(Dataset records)
=== Begin Enclosure ===

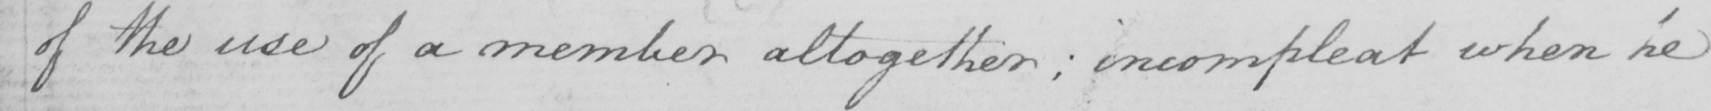Please provide the text content of this handwritten line. of the use of a member altogether: incompleat when he 
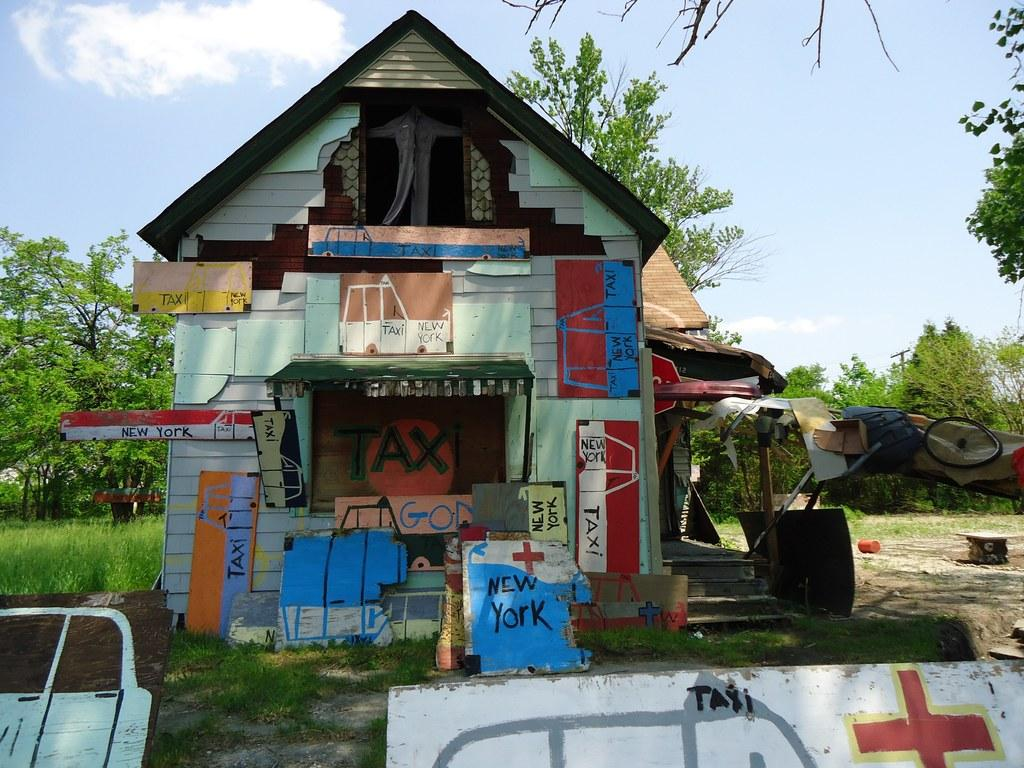What structure is located in the center of the image? There is a shed in the center of the image. What material can be seen in the image? There are boards visible in the image. What can be seen in the background of the image? There is a tent, trees, a pole, and the sky visible in the background of the image. What type of collar can be seen on the trees in the image? There is no collar present on the trees in the image; it only features a shed, boards, a tent, trees, a pole, and the sky. 
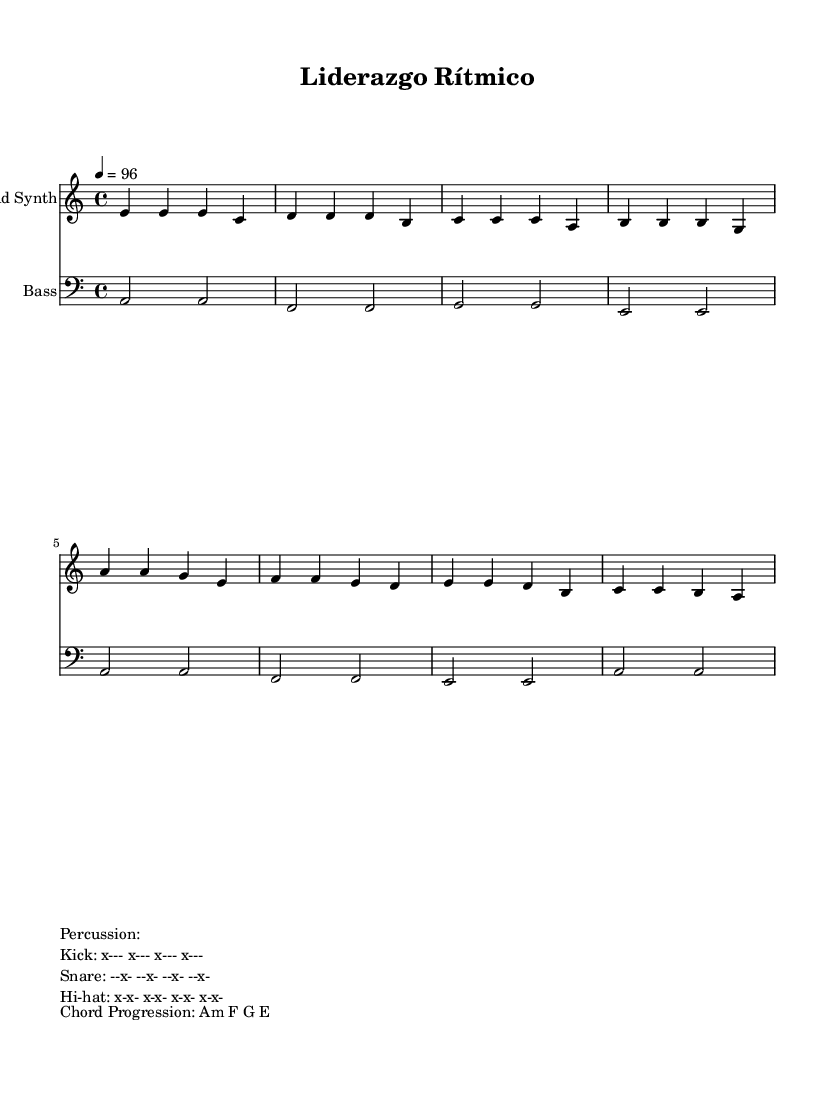What is the key signature of the music? The key signature is indicated at the beginning of the music, showing that it is A minor, which has no sharps or flats.
Answer: A minor What is the time signature of the piece? The time signature is found at the beginning of the music, showing that it is in 4/4 time, which means there are four beats in each measure.
Answer: 4/4 What is the tempo marking of the piece? The tempo marking is located above the staff and indicates a tempo of 96 beats per minute, meaning the music should be played at this speed.
Answer: 96 How many bars are in the 'Intro'? The 'Intro' consists of four measures as indicated by the vertical lines separating the musical phrases in the notation.
Answer: 4 What type of vocal style is suggested by the lyrics? The lyrics suggest a communal and teamwork style of singing, as indicated by phrases that emphasize leadership and collaboration, typical of Latin music themes.
Answer: Communal What instruments are indicated in the score? The score lists 'Lead Synth' for the lead melody and 'Bass' for the harmonic support, as noted in the labels for each staff.
Answer: Lead Synth, Bass What is the chord progression used in the music? The chord progression is given in the markup section, showing a sequence of chords that is commonly used in Latin music styles: A minor, F, G, E.
Answer: Am F G E 
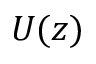Convert formula to latex. <formula><loc_0><loc_0><loc_500><loc_500>U ( z )</formula>

=== End Enclosure ===

Write out the lines beginning at the line with "Answer: Lead Synth, Bass" and ending at the last line of the entries. Include no pictures.

Answer: Lead Synth, Bass What is the chord progression used in the music? The chord progression is given in the markup section, showing a sequence of chords that is commonly used in Latin music styles: A minor, F, G, E.
Answer: Am F G E 
Convert formula to latex. <formula><loc_0><loc_0><loc_500><loc_500>U ( z )</formula>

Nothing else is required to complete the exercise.